Jump to content

Research:Language switching behavior on Wikipedia

From Meta, a Wikimedia project coordination wiki
Duration:  2019-March – ??
This page documents a stalled research project.

Wikipedia is decidedly multilingual. Many concepts have corresponding articles in many languages. While these articles sometimes might be translations (e.g., via Content Translation), oftentimes they contain additional content or varying perspectives on a given topic. Readers can easily access this content via the interlanguage links on the sidebar for a given article, and, while certain readers only ever see the content that exists in their native language, many readers do take advantage of these varying perspectives and view content in multiple languages. Anecdotally through conversations with readers and feedback related to the Universal Language Selector [1], a variety of reasons for language switching have been noted: reading about a topic in a more comfortable language, looking at how different cultures write about a concept, switching to a language that the reader believes will have more extensive content, and learning a language or testing one's skills.

This project focuses on the following question: for what types of articles do readers switch languages? The hope is that by identifying classes of articles where readers often switch, this might indicate that these articles have gaps in content, maybe should be prioritized for content translation or section recommendation, or should be surfaced more strongly as providing additional context to the reader. Article types could be related to categories, content, the structure of the article, etc.



Possible Approaches


The goal of this project was to identify when a reader switched languages for a given article. Theoretically, there are several ways this could be done:

  • Examine the referer data in the webrequest table. When a page view is associated with one project and contains a referer from another project, this might be evidence of a language switch. This method is used for various analyses (evaluation of compact language links; interlanguage navigation table) and while it likely works quite well for generating aggregate numbers, we rule it out for the following reason:
    • With modern browsers and HTTPS, when the domain changes (e.g., from "de.wikipedia.org" to "en.wikipedia.org"), everything is removed but the domain from the referer. It is not possible therefore to easily determine whether the previous page was the same article in another language or a page like the Main Page or a user page.
    • The exception is IE browsers, and from these and some manual checking, we can see that only about 60% of switches between languages are for the same article. So this method was result in a large number of false positives
  • Record switches via EventLogging on the interlanguage links.
    • This has happened in the past via this schema, but is currently not active. Future projects could explore reintroducing this logging, but we preferred to work from existing data sources at least at this stage.
  • Reconstruct reader sessions and record when multiple projects are viewed in the same session
    • This approach was not taken for the same reason mentioned above that the presence of two different language projects does not actually indicate that the user had chosen to read an article in two different languages.
  • Reconstruct reader sessions, associate all page views with their Wikidata concepts, and identify when the same Wikidata concept is viewed on multiple projects.
    • This is the approach we took as described below.

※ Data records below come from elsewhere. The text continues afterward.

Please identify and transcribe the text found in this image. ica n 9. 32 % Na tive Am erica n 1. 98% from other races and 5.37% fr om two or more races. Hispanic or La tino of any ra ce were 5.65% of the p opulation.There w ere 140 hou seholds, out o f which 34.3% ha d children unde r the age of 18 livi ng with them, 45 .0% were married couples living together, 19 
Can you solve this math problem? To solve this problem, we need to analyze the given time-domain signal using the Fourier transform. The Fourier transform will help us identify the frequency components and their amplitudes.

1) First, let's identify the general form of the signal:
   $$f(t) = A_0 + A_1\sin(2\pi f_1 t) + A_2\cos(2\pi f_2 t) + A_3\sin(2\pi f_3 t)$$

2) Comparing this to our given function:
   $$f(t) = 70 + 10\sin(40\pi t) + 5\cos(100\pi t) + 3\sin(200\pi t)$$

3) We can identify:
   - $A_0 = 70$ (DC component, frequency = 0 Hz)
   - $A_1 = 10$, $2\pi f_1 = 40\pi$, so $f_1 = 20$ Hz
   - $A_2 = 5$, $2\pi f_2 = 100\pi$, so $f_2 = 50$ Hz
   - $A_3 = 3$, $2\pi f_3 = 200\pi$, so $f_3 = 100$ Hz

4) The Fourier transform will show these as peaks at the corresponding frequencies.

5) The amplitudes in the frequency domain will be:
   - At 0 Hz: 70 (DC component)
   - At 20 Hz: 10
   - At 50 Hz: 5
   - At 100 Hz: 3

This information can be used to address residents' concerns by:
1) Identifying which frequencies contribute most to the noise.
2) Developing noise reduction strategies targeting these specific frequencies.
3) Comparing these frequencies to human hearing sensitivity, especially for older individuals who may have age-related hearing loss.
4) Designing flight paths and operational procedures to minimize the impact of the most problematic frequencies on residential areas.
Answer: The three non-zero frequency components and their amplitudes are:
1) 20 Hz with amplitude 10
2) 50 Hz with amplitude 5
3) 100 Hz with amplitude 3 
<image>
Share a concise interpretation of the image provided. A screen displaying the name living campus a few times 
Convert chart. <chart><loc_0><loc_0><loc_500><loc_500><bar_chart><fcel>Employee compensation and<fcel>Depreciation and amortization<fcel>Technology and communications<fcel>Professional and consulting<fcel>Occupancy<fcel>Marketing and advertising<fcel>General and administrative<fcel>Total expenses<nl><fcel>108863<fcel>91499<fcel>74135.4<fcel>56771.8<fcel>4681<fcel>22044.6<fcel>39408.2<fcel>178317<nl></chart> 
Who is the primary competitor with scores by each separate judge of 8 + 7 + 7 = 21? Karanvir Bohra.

It is the most complex, but it also is the most exact and allows us to distinguish between simple co-occurrence of language projects and actual language switches.

Dataset Generation


The following steps were taken to build the dataset of language switches:

  • Collect reader page views across all of the Wikipedia languages and associate each page w/ its corresponding Wikidata ID. This will be used for identifying when a reader views the same article but in multiple languages.
    • See this Phabricator task for documentation of how this mapping was generated efficiently.
  • Associate each page view with a device via a hash of the user-agent and client-IP.
    • See this analysis of the appropriateness of this method for reconstructing reader sessions.
  • Reconstruct the sessions associated with each device hash for a given day -- i.e. order all page views by device hash and timestamp
  • For each session, determine whether there were multiple projects viewed. If there was:
    • For each article viewed, determine if an article with the same Wikidata ID and different project was viewed at a later point.
    • Record each pair of <from-language> and <to-language> for a Wikidata concept.

Policy, Ethics and Human Subjects Research


At this stage, this research is solely based on an analysis of logs. Before any data would be publicly released, it will go through a privacy/security review.